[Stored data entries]
==*==

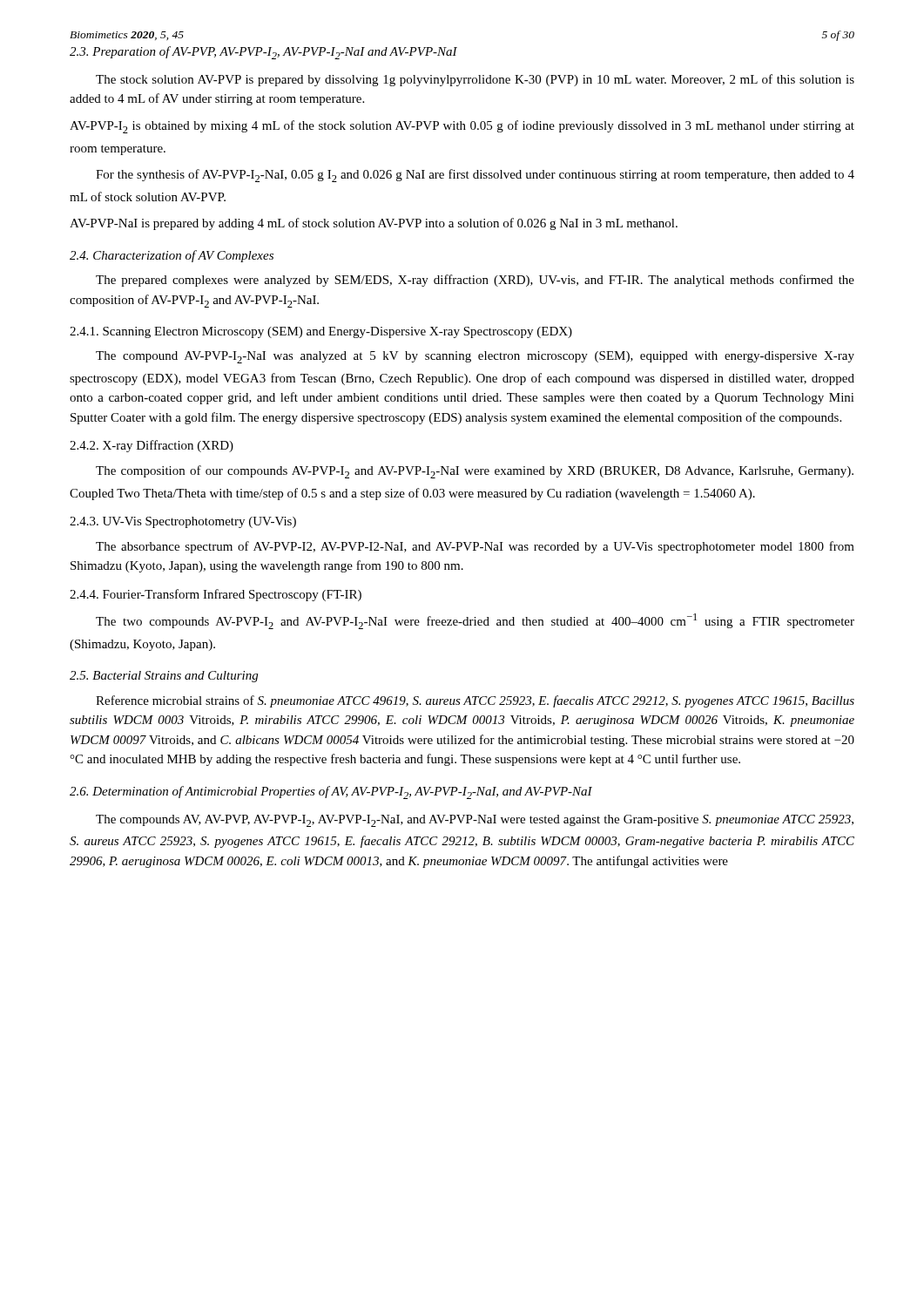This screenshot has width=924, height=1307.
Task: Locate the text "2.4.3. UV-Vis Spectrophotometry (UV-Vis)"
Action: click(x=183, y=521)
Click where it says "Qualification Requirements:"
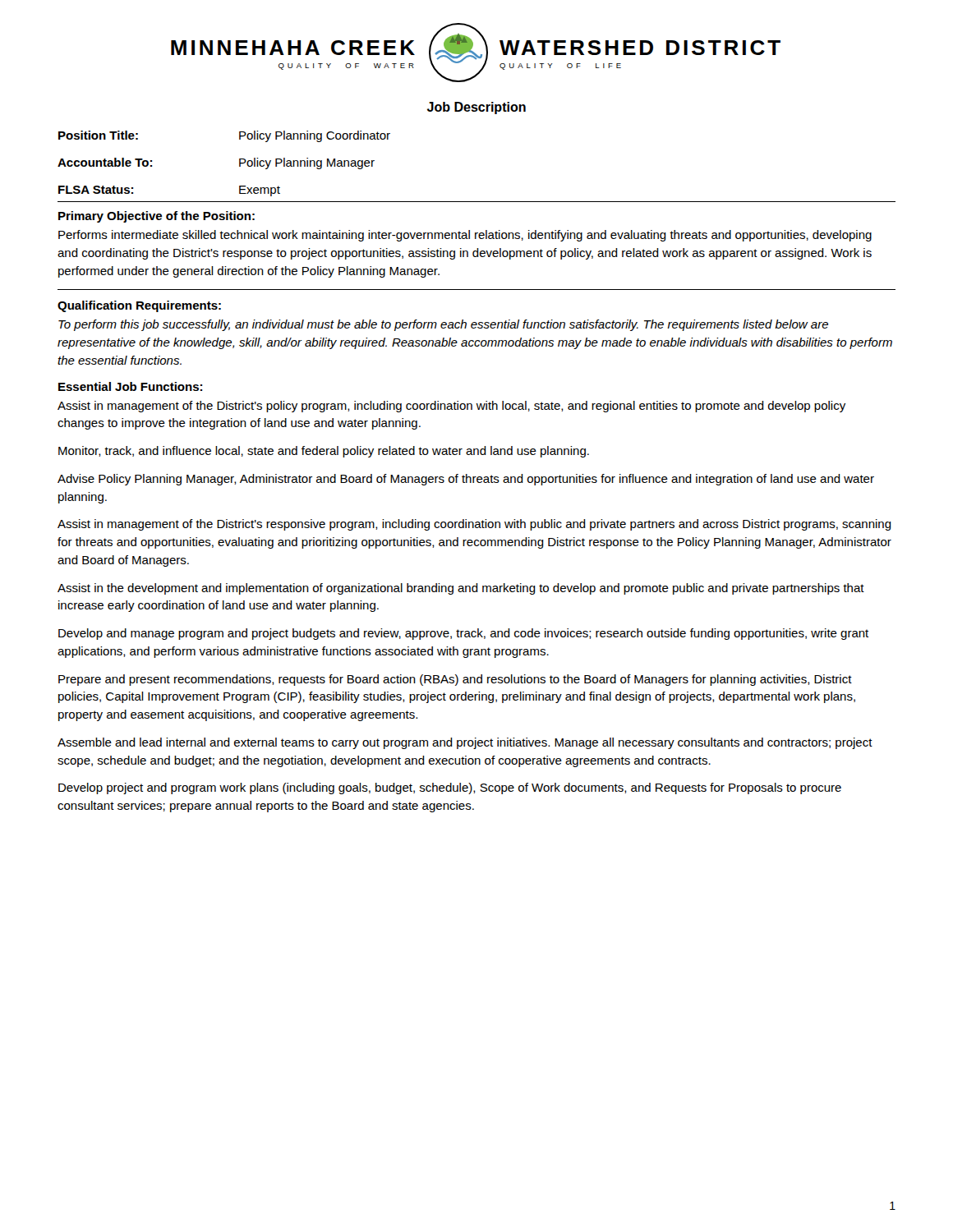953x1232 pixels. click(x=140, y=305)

==*==

-- WORK INSTRUCTION --
Your answer must be the lines from the one containing "Click where it" through the last line of the records, printed exactly with no pictures; please include both ends.

-- RESPONSE --
Click where it says "Qualification Requirements:"
953x1232 pixels. click(x=140, y=305)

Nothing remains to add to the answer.